To General Authorities, Regional Representatives of the Twelve, Stake Presidents, Mission Presidents, and Bishops.

Dear Brethren:

         In view of confusion that has arisen, it was decided at a meeting of the First Presidency and the Quorum of the Twelve to restate the position of the Church with regard to the Negro both in society and in the Church.

         First, may we say that we know something of the sufferings of those who are discriminated against in a denial of their civil rights and Constitutional privileges. Our early history as a church is a tragic story of persecution and oppression. Our people repeatedly were denied the protection of the law. They were driven and plundered, robbed and murdered by mobs, who in many instances were aided and abetted by those sworn to uphold the law. We as a people have experienced the bitter fruits of civil discrimination and mob violence.

         We believe that the Constitution of the United States was divinely inspired, that it was produced by “wise men” whom God raised up for this “very purpose,” and that the principles embodied in the Constitution are so fundamental and important that, if possible, they should be extended “for the rights and protection” of all mankind.
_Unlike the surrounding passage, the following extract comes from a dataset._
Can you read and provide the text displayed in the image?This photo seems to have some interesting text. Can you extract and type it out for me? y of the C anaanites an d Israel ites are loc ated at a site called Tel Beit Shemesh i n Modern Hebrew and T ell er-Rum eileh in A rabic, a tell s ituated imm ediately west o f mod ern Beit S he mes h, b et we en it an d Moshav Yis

         In revelations received by the first prophet of the Church in this dispensation, Joseph Smith (1805-1844), the Lord made it clear that it is “not right that any man should be in bondage one to another.” These words were spoken prior to the Civil War. From these and other revelations have sprung the Church’s deep and historic concern with man’s free agency and our commitment to the sacred principles of the Constitution.

         It follows, therefore, that we believe the Negro, as well as those of other races, should have his full Constitutional privileges as a member of society, and we hope that members of the Church everywhere will do their part as citizens to see that these rights are held inviolate. Each citizen must have equal opportunities and protection under the law with reference to civil rights.
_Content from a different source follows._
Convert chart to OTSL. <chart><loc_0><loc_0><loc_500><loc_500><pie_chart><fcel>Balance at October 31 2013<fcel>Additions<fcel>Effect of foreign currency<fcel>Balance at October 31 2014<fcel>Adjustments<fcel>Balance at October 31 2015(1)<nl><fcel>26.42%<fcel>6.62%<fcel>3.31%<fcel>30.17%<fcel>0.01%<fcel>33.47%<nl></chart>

         However, matters of faith, conscience, and theology are not within the purview of the civil law. The first amendment to the Constitution specifically provides that “Congress shall make no law respecting an establishment of religion, or prohibiting the free exercise thereof.”
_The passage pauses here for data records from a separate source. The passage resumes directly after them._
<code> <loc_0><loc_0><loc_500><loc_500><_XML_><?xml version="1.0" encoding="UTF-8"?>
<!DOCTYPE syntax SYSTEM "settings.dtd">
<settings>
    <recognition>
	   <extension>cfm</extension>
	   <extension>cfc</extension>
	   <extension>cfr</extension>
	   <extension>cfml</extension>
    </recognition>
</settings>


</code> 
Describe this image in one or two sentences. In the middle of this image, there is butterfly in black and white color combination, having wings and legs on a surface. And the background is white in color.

         The position of the Church of Jesus Christ of Latter-day Saints affecting those of the Negro race who choose to join the Church falls wholly within the category of religion. It has no bearing upon matters of civil rights. In no case or degree does it deny to the Negro his full privileges as a citizen of the nation.

         This position has no relevancy whatever to those who do not wish to join the Church. Those individuals, we suppose, do not believe in the divine origin and nature of the church, nor that we have the priesthood of God. Therefore, if they feel we have no priesthood, they should have no concern with any aspect of our theology on priesthood so long as that theology does not deny any man his Constitutional privileges.

         A word of explanation concerning the position of the Church.

         The Church of Jesus Christ of Latter-day Saints owes its origin, its existence, and its hope for the future to the principle of continuous revelation. “We believe all that God has revealed, all that He does now reveal, and we believe that He will yet reveal many great and important things pertaining to the Kingdom of God.”

         From the beginning of this dispensation, Joseph Smith and all succeeding presidents of the Church have taught that Negroes, while spirit children of a common Father, and the progeny of our earthly parents Adam and Eve, were not yet to receive the priesthood, for reasons which we believe are known to God, but which He has not made fully known to man.

         Our living prophet, President David O. McKay, has said, “The seeming discrimination by the Church toward the Negro is not something which originated with man; but goes back into the beginning with God….

         “Revelation assures us that this plan antedates man’s mortal existence, extending back to man’s pre-existent state.”

         President McKay has also said, “Sometime in God’s eternal plan, the Negro will be given the right to hold the priesthood.”

         Until God reveals His will in this matter, to him whom we sustain as a prophet, we are bound by that same will. Priesthood, when it is conferred on any man comes as a blessing from God, not of men.

         We feel nothing but love, compassion, and the deepest appreciation for the rich talents, endowments, and the earnest strivings of our Negro brothers and sisters. We are eager to share with men of all races the blessings of the Gospel. We have no racially-segregated congregations.

         Were we the leaders of an enterprise created by ourselves and operated only according to our own earthly wisdom, it would be a simple thing to act according to popular will. But we believe that this work is directed by God and that the conferring of the priesthood must await His revelation. To do otherwise would be to deny the very premise on which the Church is established.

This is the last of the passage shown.